**Exercise requirements:** Return the records below exactly, leaving nothing out.

··· Records shown ···

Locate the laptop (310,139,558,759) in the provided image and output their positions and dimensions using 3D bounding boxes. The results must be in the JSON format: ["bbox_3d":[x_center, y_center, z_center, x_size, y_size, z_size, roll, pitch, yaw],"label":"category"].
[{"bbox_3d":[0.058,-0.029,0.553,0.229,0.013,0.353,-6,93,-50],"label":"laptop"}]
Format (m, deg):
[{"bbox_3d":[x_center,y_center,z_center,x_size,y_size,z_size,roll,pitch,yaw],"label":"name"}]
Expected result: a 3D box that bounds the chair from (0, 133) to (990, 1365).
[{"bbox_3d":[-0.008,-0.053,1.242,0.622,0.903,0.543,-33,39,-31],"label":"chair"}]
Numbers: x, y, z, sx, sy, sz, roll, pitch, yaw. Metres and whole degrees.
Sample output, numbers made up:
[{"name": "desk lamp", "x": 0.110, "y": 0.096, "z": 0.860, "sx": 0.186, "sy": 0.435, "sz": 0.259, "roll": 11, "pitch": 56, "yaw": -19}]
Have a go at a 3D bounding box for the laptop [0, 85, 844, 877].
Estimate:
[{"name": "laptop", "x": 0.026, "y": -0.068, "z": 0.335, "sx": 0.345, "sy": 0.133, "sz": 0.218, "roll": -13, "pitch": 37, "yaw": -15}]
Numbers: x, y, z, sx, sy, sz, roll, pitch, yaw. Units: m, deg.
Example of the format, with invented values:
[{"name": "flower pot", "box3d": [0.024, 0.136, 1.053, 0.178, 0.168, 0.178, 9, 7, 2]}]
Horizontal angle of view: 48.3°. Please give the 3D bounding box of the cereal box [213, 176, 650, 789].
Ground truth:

···

**Task answer:**
Locate the laptop (310,139,558,759) in the provided image and output their positions and dimensions using 3D bounding boxes. The results must be in the JSON format: ["bbox_3d":[x_center, y_center, z_center, x_size, y_size, z_size, roll, pitch, yaw],"label":"category"].
[{"bbox_3d":[0.058,-0.029,0.553,0.229,0.013,0.353,-6,93,-50],"label":"laptop"}]
Format (m, deg):
[{"bbox_3d":[x_center,y_center,z_center,x_size,y_size,z_size,roll,pitch,yaw],"label":"name"}]
Expected result: a 3D box that bounds the chair from (0, 133) to (990, 1365).
[{"bbox_3d":[-0.008,-0.053,1.242,0.622,0.903,0.543,-33,39,-31],"label":"chair"}]
Numbers: x, y, z, sx, sy, sz, roll, pitch, yaw. Metres and whole degrees.
Sample output, numbers made up:
[{"name": "desk lamp", "x": 0.110, "y": 0.096, "z": 0.860, "sx": 0.186, "sy": 0.435, "sz": 0.259, "roll": 11, "pitch": 56, "yaw": -19}]
Have a go at a 3D bounding box for the laptop [0, 85, 844, 877].
Estimate:
[{"name": "laptop", "x": 0.026, "y": -0.068, "z": 0.335, "sx": 0.345, "sy": 0.133, "sz": 0.218, "roll": -13, "pitch": 37, "yaw": -15}]
Numbers: x, y, z, sx, sy, sz, roll, pitch, yaw. Units: m, deg.
Example of the format, with invented values:
[{"name": "flower pot", "box3d": [0.024, 0.136, 1.053, 0.178, 0.168, 0.178, 9, 7, 2]}]
Horizontal angle of view: 48.3°. Please give the 3D bounding box of the cereal box [213, 176, 650, 789].
Ground truth:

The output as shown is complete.